Parents and education experts have hit out at principals and teachers after a survey slammed the national NAPLAN tests as being “ineffective and outdated”.

Australian Parents Council President Jenni Rickard also rejected claims in the survey by the Australian Education Union that the tests increased teachers’ workload, saying NAPLAN was about recording a “point in time” and there should be no prepping.

Ms Rickard said NAPLAN was also valuable to parents as an independent assessment and “a mechanism to ensure government departments are accountable and transparent”.

“It works as a test of the whole system from the bottom to the top,” she said.

The Australian Education Union surveyed more than 260 public school principals and nearly 3000 teachers across the country,

It found 73 per cent of principals believe NAPLAN increases teacher workloads; 86 per cent said the tests contribute to students’ stress and anxiety and 59 per cent said they make no difference to student outcomes.

More than 60 per cent of teachers said NAPLAN – undertaken by students in Years 3, 5, 7 and 9 – was an ineffective diagnostic tool.

Education author Dr Kevin Don­nelly criticised the AEU for its long history of opposing tests such as NAPLAN, saying it did not want schools to be held accountable for the billions invested and the fact students’ results in international tests were going backwards.

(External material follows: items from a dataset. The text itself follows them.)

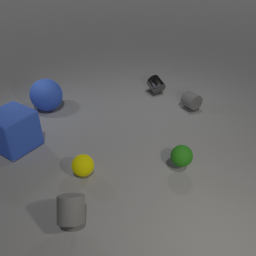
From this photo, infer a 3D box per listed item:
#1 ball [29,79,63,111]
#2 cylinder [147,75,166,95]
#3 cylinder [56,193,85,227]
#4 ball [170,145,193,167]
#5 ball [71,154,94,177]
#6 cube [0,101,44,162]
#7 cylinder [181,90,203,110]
[{"bbox_3d":[-3.588,-1.454,12.298,1.400,1.400,1.400,0,33,0],"label":"ball"},{"bbox_3d":[1.379,-2.130,13.768,0.700,0.700,0.700,-18,59,-25],"label":"cylinder"},{"bbox_3d":[-1.426,2.032,6.999,0.700,0.700,0.700,-1,-3,0],"label":"cylinder"},{"bbox_3d":[1.697,0.881,8.849,0.700,0.700,0.700,0,33,0],"label":"ball"},{"bbox_3d":[-1.419,1.173,8.796,0.700,0.700,0.700,0,33,0],"label":"ball"},{"bbox_3d":[-4.068,0.074,9.930,1.400,1.400,1.400,21,38,28],"label":"cube"},{"bbox_3d":[2.825,-1.231,12.462,0.700,0.700,0.700,-17,34,-24],"label":"cylinder"}]
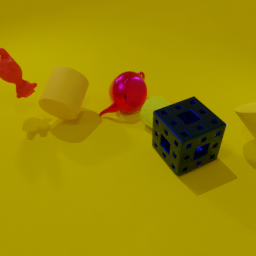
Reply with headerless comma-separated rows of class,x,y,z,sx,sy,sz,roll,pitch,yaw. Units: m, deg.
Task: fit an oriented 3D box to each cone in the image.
cone,3.424,0.135,6.816,1.412,1.417,1.412,-12,11,2

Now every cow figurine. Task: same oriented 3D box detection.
cow figurine,-3.125,-1.439,7.704,0.693,1.242,1.262,-37,67,-6

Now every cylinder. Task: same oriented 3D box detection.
cylinder,0.934,-0.325,7.770,0.871,0.871,0.871,-25,47,-26
cylinder,-1.799,-0.971,7.922,1.117,1.117,1.117,11,67,12

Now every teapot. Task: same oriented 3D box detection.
teapot,-0.100,-1.044,8.501,0.976,1.240,1.994,10,54,52

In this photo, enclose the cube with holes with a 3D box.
cube with holes,1.420,0.189,6.858,1.205,1.205,1.205,-20,46,-18
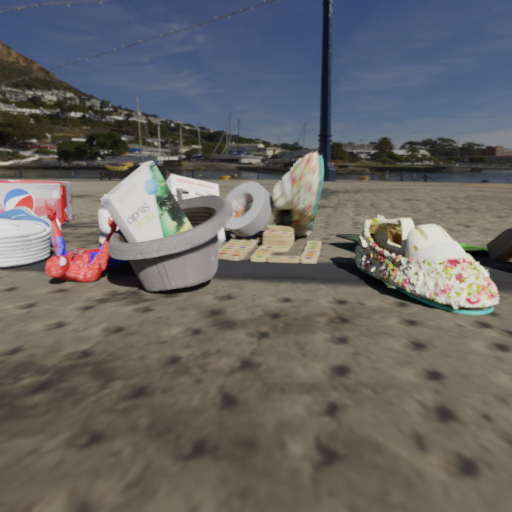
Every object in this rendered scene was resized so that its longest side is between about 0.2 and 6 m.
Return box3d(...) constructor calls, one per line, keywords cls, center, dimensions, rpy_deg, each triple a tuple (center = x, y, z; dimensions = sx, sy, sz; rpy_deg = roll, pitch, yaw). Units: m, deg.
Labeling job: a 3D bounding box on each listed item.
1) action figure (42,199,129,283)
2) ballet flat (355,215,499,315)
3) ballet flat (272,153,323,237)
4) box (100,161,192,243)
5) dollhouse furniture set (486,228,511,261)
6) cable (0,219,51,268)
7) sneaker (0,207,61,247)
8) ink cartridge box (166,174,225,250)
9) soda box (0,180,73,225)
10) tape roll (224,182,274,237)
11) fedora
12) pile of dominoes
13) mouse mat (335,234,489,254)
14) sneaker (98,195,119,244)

“We need NAPLAN to monitor and evaluate whether standards are improving or not,” Dr Donnelly said.

But AEU Federal President Correna Haythorpe said “NAPLAN is not fit for purpose in our schools” and should be scrapped and replaced with classroom-based and teacher-led assessments, along with sample-based testing.

Whites Hill State College Principal Andrew Beattie, based in Queensland, said NAPLAN caused “performance anxiety” among the children, especially in Year 5, as their results could determine which high school they went to.

He said many hours were wasted teaching children how to do the “unique” exam, instead of teaching them numeracy and literacy.

New analysis of this year’s NAPLAN results out on Wednesday shows students in Years 3 and 5 reading, Year 5 numeracy, and Years 3 and 5 spelling have significantly improved nationally since the tests began in 2008, but these improvements were not reflected in every demographic group, according to the Australian Curriculum, Assessment and Reporting Authority (ACARA).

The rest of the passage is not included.